• The overall response rate for children and young adults with AML receiving TVTC in first relapse was 71.4%.

  • Eighty-four percent of responders were bridged to hematopoietic stem cell transplant without anthracycline and 56.2% had long-term survival.

Effective reinduction regimens are needed for children with relapsed and refractory acute myeloid leukemia (AML), as outcomes remain poor. Therapeutic options are limited in this heavily pretreated patient population, many of whom have reached lifetime recommended doses of anthracycline chemotherapy. The development of effective non-anthracycline–based salvage regimens is crucial to these patients who are at significant risk of life-threatening cardiotoxicity. We previously reported results of a phase 2 trial of a clofarabine-based regimen with topotecan, vinorelbine, and thiotepa (TVTC) in patients with relapsed acute leukemias. Here we report on an expanded bicenter cohort of 33 patients, <25 years of age, with relapsed/refractory AML treated with up to 2 cycles of the TVTC reinduction regimen from 2007 to 2018. The overall response rate, defined as complete remission or complete remission with partial recovery of platelet count, was 71.4% (95% confidence interval [CI], 41.9-91.6) for those patients in first relapse (n = 14) and 47.4% (95% CI, 24.4-71.1) for patients in second or greater relapse or with refractory disease. Responses were seen across multiple high-risk cytogenetic and molecular subtypes, with 84% of responders successfully bridged to allogeneic stem cell transplantation. The 5-year overall survival for patients in first relapse was 46.2% (95% CI, 19.1-73.3) and 50.0% (95% CI, 26.9-73.1) for patients who responded to TVTC. For pediatric and young adult patients with relapsed/refractory AML, TVTC reinduction compares favorably with currently used salvage regimens and warrants further exploration.

Newly diagnosed children with acute myeloid leukemia (AML) have long-term, event-free survival rates ranging from 50% to 63% when treated with contemporary frontline regimens.1-4  Children with relapsed disease, albeit a heterogenous patient population, carry a poor prognosis despite intensive salvage regimens.5,6  Among survivors of relapsed AML, more than one-third will develop late cardiotoxicity from cumulative anthracycline-containing frontline and salvage therapy regimens.7,8  There is an unmet need for effective and minimally cardiotoxic salvage regimens for children with relapsed AML.
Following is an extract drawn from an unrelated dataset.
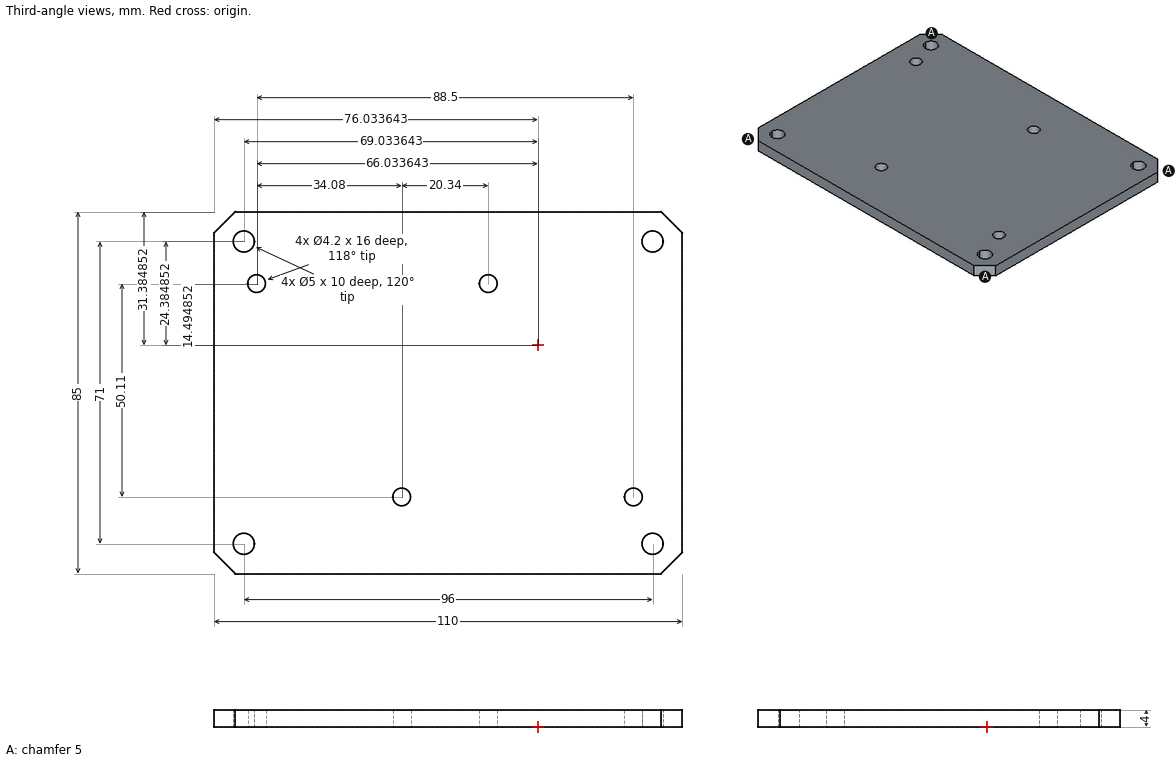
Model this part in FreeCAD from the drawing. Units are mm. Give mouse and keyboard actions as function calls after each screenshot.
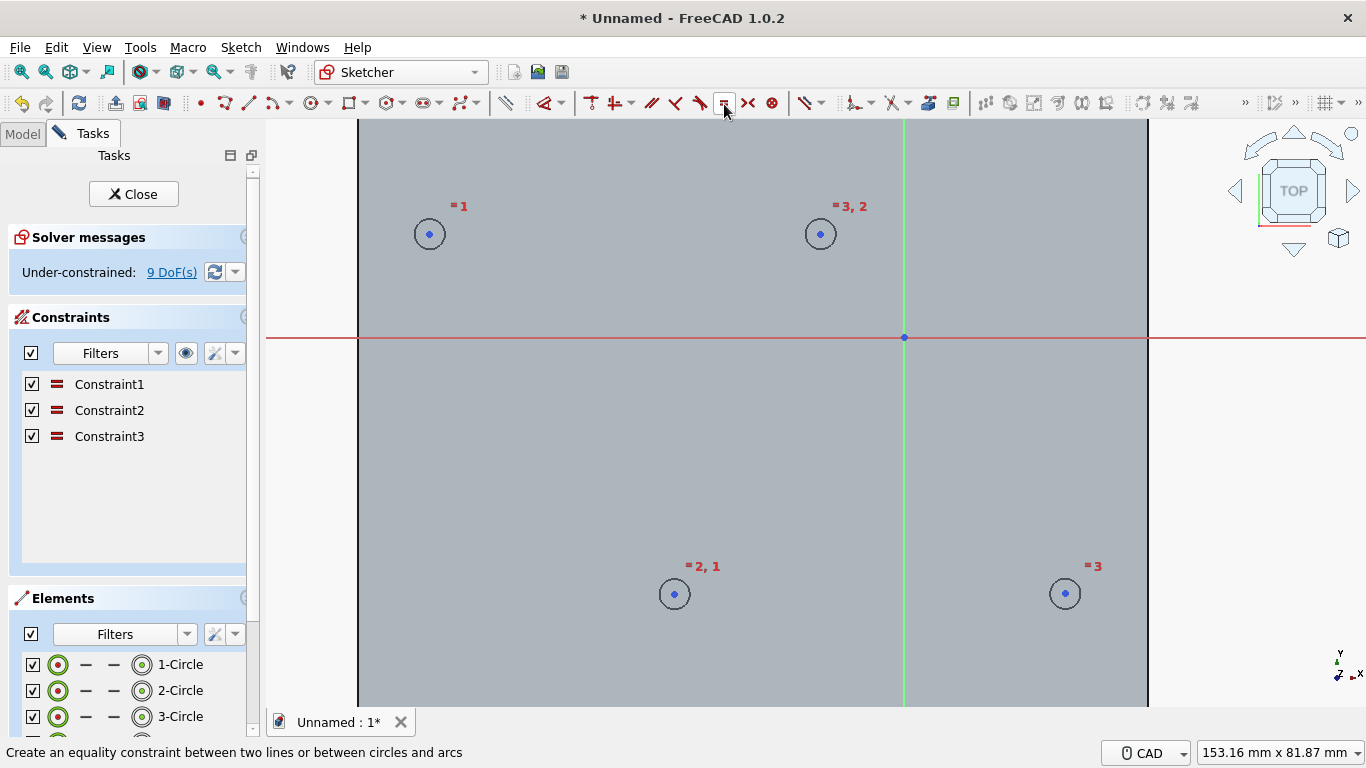
click(430, 234)

Clofarabine is a deoxyadenosine analogue, similar in structure to fludarabine and cladribine but modified to enhance cytotoxic activity as well as stability.9  Clofarabine was granted US Food and Drug Administration approval for the treatment of relapsed acute lymphoblastic leukemia in 2004 following the results of a phase 2 single-agent study.10 

We previously reported the results of a phase 1 and phase 2 trial of a clofarabine-based regimen with topotecan, vinorelbine, and thiotepa (TVTC) in a cohort of patients with relapsed acute leukemias.11,12  In the phase 2 study, 8 (67%) of 12 patients with relapsed or refractory (R/R) AML achieved a complete response (CR) or complete response with incomplete platelet recovery (CRp). The current article describes the outcomes of an expanded retrospective cohort of 33 patients with R/R AML treated with the TVTC regimen.

Patients

Children and young adults aged <25 years with R/R AML were included in this bicenter retrospective analysis from 2007 to 2018. This included 11 patients with AML treated on a previously published phase 2 clinical trial.12  Patients were included from both the Memorial Sloan Kettering Cancer Center (MSKCC) and the University of California San Francisco Benioff Children’s Hospital of Oakland. The institutions’ review boards approved the study and granted waivers of consent.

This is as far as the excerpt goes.